A classic slip is to treat rational as a synonym for omniscient, perfect, or always wins. It is none of these. An omniscient agent knows the actual outcome of every action in advance; no real agent can. A rational agent simply picks the action with the best expected value given its percepts and knowledge — and may still be defeated by chance or by things it could not perceive. When an exam asks whether an agent is rational, ask "did it do the best it could with the information available?", never "did it get the best possible result?".

Specifying the task: PEAS

Before you can design a rational agent you must nail down the task environment precisely. The standard checklist is PEAS — Performance measure, Environment, Actuators, Sensors. Fill in all four and you have said exactly what problem you are solving. Here it is for a self-driving taxi:

Performance measure — safe, fast, legal, comfortable trips; maximise profit; minimise fuel and complaints.
Environment — roads, other traffic, pedestrians, weather, road signs, passengers.
Actuators — steering, accelerator, brake, indicators, horn, a screen/voice for the passenger.
Sensors — cameras, LIDAR, radar, GPS, speedometer, odometer, engine sensors.
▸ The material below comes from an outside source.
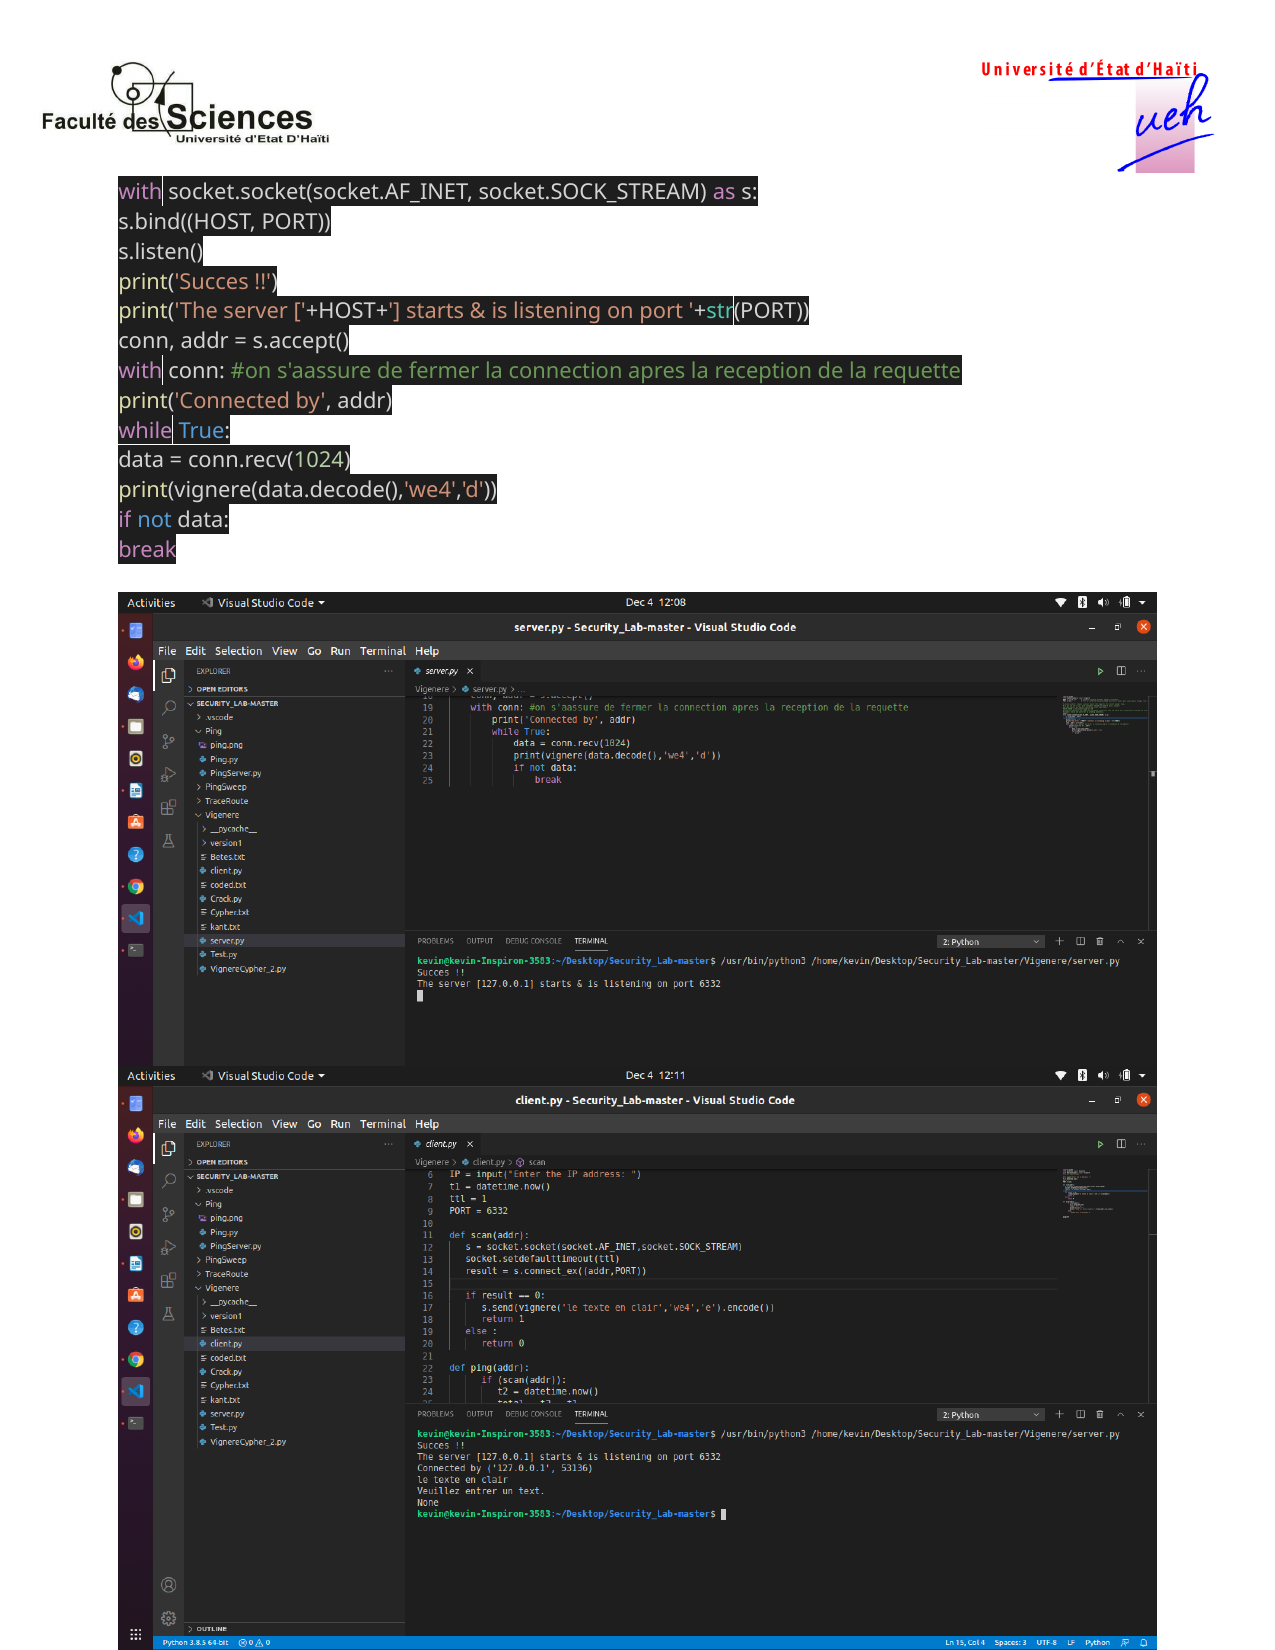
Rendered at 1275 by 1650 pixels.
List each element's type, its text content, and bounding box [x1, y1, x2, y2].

Every PEAS entry is a design decision. Add a microphone to S and the taxi can take spoken directions; put "obey the speed limit" in P and a whole class of behaviours is ruled out. The same agent architecture, pointed at a different PEAS, is a completely different product.

Reading the environment

Task environments come in flavours, and the flavour dictates how hard the agent's job is. The main axes to classify along:

Fully vs partially observable — can the sensors see the entire relevant state (chess) or only part of it (poker, driving)? A partially observable world usually forces the agent to keep internal memory of what it can't currently see.
Deterministic vs stochastic — does an action have a single guaranteed outcome (a sliding puzzle) or a spread of possible ones (a dice game, a slippery road)?
Episodic vs sequential — is each decision self-contained (spotting defects on a conveyor belt) or does it commit you down a path where earlier choices haunt later ones (chess, driving)?
Static vs dynamic — does the world hold still while you think (a crossword) or keep changing under you (a real road)?
Discrete vs continuous — finitely many distinct states and actions (board games) or smoothly varying quantities (steering angle, speed)?
Single- vs multi-agent — are you alone, or are there other agents whose choices matter — perhaps adversaries actively working against you (chess, markets)?

The hardest corner — partially observable, stochastic, sequential, dynamic, continuous, multi-agent — is roughly "driving a taxi in a city", which is why it stayed unsolved for so long. The easiest — fully observable, deterministic, episodic, static, discrete, single-agent — is a tidy puzzle, and it's where the search techniques on the next pages live.

In theory the agent function is just a table: percept sequence in, action out. Why bother with clever programs? Because the table is astronomically large. For automated driving the camera alone delivers on the order of tens of megabytes per frame; the number of distinct hour-long percept sequences dwarfs the number of atoms in the observable universe. No storage could hold that table, and no designer could fill it in. The entire discipline exists to replace an impossible table with a feasible program — by search, by logical rules, by learned parameters — that computes the right action on demand instead of looking it up.